$\displaystyle e_m(t)=e^{imt}, f_n=e_{-n} + n e_n (m \in Z, n \in N)$ and $\displaystyle A = \overline{Lin \{ e_n| n \in N\}}, B = \overline{Lin \{ f_n| n \in N\}}$. (Clousures in $\displaystyle L^2(-\pi, \pi))$. Are A+B closed? What is $\displaystyle \overline{A+B}$ ?
$\displaystyle e_m(t)=e^{imt}, f_n=e_{-n} + n e_n (m \in Z, n \in N)$ and $\displaystyle A = \overline{Lin \{ e_n| n \in N\}}, B = \overline{Lin \{ f_n| n \in N\}}$. (Clousures in $\displaystyle L^2(-\pi, \pi))$. Are A+B closed? What is $\displaystyle \overline{A+B}$ ?

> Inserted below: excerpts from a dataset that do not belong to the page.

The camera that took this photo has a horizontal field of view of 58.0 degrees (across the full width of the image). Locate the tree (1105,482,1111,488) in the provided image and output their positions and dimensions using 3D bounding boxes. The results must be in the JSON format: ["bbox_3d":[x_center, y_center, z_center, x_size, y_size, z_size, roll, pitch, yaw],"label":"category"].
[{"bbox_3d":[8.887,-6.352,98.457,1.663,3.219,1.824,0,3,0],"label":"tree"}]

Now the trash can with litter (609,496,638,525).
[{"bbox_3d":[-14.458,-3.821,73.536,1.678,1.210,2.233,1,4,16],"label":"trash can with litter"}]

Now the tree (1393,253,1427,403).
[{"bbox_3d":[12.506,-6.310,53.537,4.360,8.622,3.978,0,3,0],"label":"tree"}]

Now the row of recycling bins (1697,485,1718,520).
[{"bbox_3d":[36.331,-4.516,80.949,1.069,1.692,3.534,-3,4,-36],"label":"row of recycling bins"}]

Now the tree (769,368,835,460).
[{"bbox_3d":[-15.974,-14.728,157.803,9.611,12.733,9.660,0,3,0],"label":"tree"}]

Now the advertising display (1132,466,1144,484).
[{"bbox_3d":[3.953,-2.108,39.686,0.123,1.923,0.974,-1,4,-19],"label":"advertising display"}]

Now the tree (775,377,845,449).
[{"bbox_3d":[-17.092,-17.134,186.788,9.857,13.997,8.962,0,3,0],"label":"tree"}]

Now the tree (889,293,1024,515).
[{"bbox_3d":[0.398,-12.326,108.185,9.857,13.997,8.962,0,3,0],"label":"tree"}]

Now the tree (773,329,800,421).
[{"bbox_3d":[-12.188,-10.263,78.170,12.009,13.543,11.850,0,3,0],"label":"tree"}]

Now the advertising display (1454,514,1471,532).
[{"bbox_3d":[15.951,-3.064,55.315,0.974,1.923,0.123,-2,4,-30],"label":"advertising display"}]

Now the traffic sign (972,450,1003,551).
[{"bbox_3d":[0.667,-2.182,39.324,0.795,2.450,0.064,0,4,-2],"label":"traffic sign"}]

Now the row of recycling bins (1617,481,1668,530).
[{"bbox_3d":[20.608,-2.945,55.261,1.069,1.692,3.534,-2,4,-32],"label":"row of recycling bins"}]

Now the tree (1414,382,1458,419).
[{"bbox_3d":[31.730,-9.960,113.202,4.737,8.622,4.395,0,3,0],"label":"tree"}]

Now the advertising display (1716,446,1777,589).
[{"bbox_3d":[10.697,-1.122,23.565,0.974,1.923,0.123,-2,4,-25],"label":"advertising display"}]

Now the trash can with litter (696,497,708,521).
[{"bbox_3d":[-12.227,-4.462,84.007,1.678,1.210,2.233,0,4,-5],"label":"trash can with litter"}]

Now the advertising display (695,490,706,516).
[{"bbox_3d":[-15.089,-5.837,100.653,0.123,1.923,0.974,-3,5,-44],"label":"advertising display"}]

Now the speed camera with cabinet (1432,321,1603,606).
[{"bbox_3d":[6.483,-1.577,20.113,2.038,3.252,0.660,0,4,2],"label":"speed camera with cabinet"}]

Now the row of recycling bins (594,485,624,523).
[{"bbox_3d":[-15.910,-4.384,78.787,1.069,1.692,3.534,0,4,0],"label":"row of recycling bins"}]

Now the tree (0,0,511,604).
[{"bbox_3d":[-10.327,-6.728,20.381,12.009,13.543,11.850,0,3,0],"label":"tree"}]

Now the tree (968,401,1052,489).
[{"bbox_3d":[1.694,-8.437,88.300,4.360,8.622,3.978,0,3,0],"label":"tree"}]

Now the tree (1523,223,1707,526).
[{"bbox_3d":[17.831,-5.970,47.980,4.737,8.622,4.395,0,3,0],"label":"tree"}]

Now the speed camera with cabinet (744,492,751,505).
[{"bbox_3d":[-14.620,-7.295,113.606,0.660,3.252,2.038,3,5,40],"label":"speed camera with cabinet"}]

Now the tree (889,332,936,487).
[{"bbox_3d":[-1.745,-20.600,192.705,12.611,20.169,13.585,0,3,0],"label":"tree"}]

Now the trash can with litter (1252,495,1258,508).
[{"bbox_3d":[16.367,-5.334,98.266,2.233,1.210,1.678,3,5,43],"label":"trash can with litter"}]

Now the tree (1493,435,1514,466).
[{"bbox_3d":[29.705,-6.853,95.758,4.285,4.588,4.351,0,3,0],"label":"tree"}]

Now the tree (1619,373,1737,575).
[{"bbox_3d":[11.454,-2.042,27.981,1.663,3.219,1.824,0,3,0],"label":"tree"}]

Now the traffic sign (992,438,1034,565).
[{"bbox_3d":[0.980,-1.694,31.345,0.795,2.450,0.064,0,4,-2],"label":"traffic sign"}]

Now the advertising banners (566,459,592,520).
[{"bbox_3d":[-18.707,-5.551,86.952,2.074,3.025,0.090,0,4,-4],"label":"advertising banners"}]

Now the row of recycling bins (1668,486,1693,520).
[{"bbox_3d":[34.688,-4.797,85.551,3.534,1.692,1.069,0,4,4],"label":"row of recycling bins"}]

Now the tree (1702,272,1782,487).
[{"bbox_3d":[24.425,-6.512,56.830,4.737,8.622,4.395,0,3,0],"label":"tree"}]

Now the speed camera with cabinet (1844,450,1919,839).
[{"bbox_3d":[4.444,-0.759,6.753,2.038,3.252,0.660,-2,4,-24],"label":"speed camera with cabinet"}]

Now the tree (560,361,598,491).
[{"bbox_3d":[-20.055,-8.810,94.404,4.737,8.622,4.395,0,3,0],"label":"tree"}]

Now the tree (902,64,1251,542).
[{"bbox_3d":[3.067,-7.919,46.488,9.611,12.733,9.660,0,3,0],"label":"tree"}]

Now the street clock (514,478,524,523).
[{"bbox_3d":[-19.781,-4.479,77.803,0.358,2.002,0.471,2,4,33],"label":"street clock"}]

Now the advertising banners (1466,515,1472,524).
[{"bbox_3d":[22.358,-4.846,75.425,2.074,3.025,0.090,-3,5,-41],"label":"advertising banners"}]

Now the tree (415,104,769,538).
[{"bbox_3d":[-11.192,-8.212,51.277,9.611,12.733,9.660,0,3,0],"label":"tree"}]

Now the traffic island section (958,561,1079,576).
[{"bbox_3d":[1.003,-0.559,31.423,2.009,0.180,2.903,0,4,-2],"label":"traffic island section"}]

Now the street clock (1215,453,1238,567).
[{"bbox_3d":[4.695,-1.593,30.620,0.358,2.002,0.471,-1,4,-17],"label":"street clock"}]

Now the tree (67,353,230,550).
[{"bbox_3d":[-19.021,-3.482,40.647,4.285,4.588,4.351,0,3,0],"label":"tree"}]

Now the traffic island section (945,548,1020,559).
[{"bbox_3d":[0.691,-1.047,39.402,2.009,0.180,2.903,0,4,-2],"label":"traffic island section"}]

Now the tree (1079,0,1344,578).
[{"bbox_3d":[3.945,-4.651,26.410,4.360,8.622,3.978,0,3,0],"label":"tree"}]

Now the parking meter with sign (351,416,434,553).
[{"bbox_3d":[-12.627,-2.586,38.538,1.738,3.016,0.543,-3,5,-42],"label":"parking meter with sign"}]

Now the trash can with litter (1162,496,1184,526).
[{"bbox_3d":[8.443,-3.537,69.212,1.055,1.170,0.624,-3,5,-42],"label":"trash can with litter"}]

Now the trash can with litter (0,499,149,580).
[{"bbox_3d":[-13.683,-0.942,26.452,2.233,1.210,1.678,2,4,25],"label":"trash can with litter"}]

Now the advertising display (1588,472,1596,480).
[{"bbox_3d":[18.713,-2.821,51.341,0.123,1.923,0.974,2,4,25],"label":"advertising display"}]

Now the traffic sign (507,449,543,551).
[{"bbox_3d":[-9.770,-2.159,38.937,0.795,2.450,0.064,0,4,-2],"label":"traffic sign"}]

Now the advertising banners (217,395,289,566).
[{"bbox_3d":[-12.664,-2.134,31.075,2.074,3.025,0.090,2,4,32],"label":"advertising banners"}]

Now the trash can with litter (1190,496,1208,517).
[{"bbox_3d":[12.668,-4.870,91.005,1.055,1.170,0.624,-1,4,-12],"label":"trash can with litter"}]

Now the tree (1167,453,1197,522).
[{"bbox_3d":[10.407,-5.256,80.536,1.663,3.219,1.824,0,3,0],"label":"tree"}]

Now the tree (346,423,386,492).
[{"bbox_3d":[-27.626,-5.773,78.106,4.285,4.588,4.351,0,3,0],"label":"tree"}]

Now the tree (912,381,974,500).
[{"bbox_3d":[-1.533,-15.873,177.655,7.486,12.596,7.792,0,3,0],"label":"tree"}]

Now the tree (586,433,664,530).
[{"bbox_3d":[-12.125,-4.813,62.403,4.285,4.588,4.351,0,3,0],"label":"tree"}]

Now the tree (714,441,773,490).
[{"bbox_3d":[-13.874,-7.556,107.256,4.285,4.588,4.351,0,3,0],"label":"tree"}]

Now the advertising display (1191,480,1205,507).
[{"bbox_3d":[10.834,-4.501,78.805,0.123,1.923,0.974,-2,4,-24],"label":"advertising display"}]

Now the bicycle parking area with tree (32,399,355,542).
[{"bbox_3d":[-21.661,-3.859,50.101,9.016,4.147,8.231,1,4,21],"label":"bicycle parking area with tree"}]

If you include 0 in the natural numbers then A+B will contain all the trigonometric polynomials and therefore $\displaystyle \overline{A+B}= L^2(-\pi, \pi)$. If you do not allow 0 as a natural number then $\displaystyle \overline{A+B}= \{x\in L^2(-\pi, \pi): \int_{-\pi}^\pi\!\!\!x(t)\,dt=0\}$ (the orthogonal complement of the constant functions in $\displaystyle L^2(-\pi, \pi)$).
To see that A+B is not closed, you only need to find some element $\displaystyle x\in L^2(-\pi, \pi)$ such that $\displaystyle x\notin A+B$. For that, notice that every x in A+B must be of the form $\displaystyle \sum_{m\in\mathbb{Z}}x_me_m$ with $\displaystyle \sum_{n=1}^\infty n^2|x_{-n}|^2 < \infty$ (and of course $\displaystyle \sum_{m\in\mathbb{Z}}|x_m|^2<\infty$ to ensure that $\displaystyle x\in L^2(-\pi, \pi)$). So for example $\displaystyle x = \sum_{n=1}^\infty \frac{e_{-n}}n \notin A+B$.